Album Review – ‘Old Flowers’ Courtney Marie Andrews by Mike Ritchie.

Album Review – Courtney Marie Andrews ‘Old Flowers’ by Mike Ritchie, July 2020
Not a word is wasted, not a note out of place, not a moment that can’t be savoured on this gem of an album from Courtney Marie Andrews who beckons us to her heartbreak, loss and reflections of a love and loving time that withered like old flowers after nine years.
It is an exquisite collection and I defy anyone to drift away after the opening tracks, such is the compelling quality of the playing and writing. Throughout, these wistful and sad songs harbour no sense of anger or recrimination, more a realisation that what she shared wasn’t sustainable and the parting had to be endured. Now she’s facing up to life as a woman on her own.
Courtney Marie Andrews has always been a candid and expressive songwriter – think Table For One from her breakthrough album Honest Life. This time out, Old Flowers delivers heartfelt, bittersweet reminiscences in an absorbing way as she bravely examines the past and her painful feelings through deft and absorbingly spare productions blessed delicately by poised, yearning vocals that float as lightly as petals from a blossom.
On the gorgeous and questioning Together or Alone, she sings: “I hope one day we will be laughing / together or alone” and then she asks: “In some other lifetime / would you pick me out again?” The aching is rarely far from the surface, but the honesty makes it veer towards being uplifting.
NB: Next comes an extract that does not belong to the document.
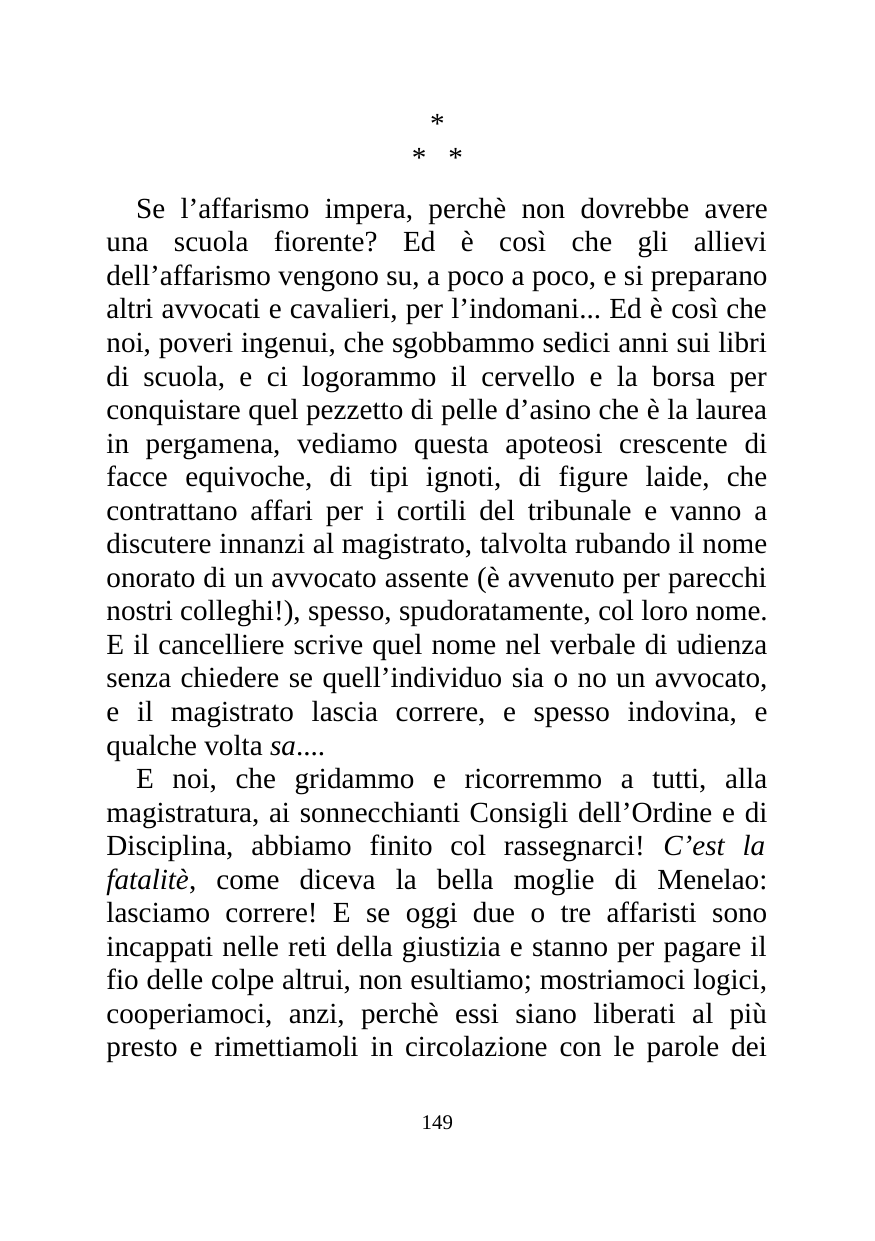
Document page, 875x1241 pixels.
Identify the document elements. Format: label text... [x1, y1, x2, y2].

It Must Be Someone Else’s Fault is flawlessly, simply wonderful as she examines co-dependency. Emmylou Harris drifts into mind as Courtney looks at what’s happening to her: “I am still sensitive and stubborn / Still cry more than a person should / But if this feeling inside that’s changed / Like I have gone bad but the world is good / It must be someone else’s fault.”
The focus of If I Told is dating after being in one, lengthy relationship – Courtney’s started on New Year’s Day 2009 and ended on that date in 2019. The song highlights how vulnerable, understandably, she can feel with new people in tandem with her underlying acceptance that she needs to feel OK to be shaky and guarded.
From album opener, Burlap String where she wonders: “If I could go back / I’d pick you wild flowers tied up in burlap string / Tell you what you what you mean to me” to the closing track, Ships In the Night, the warmest of feelings are palpable. “I know you tried to reach me / I know you tried / I know you felt the same way / But the timing wasn’t right / Ships in the night.”
Old Flowers is beautiful and sensitive, embracing unerringly vivid lyrics and gently soothing melodies to evoke profound memories of love and the togetherness that’s gone – this is an outstanding collection that blooms gloriously.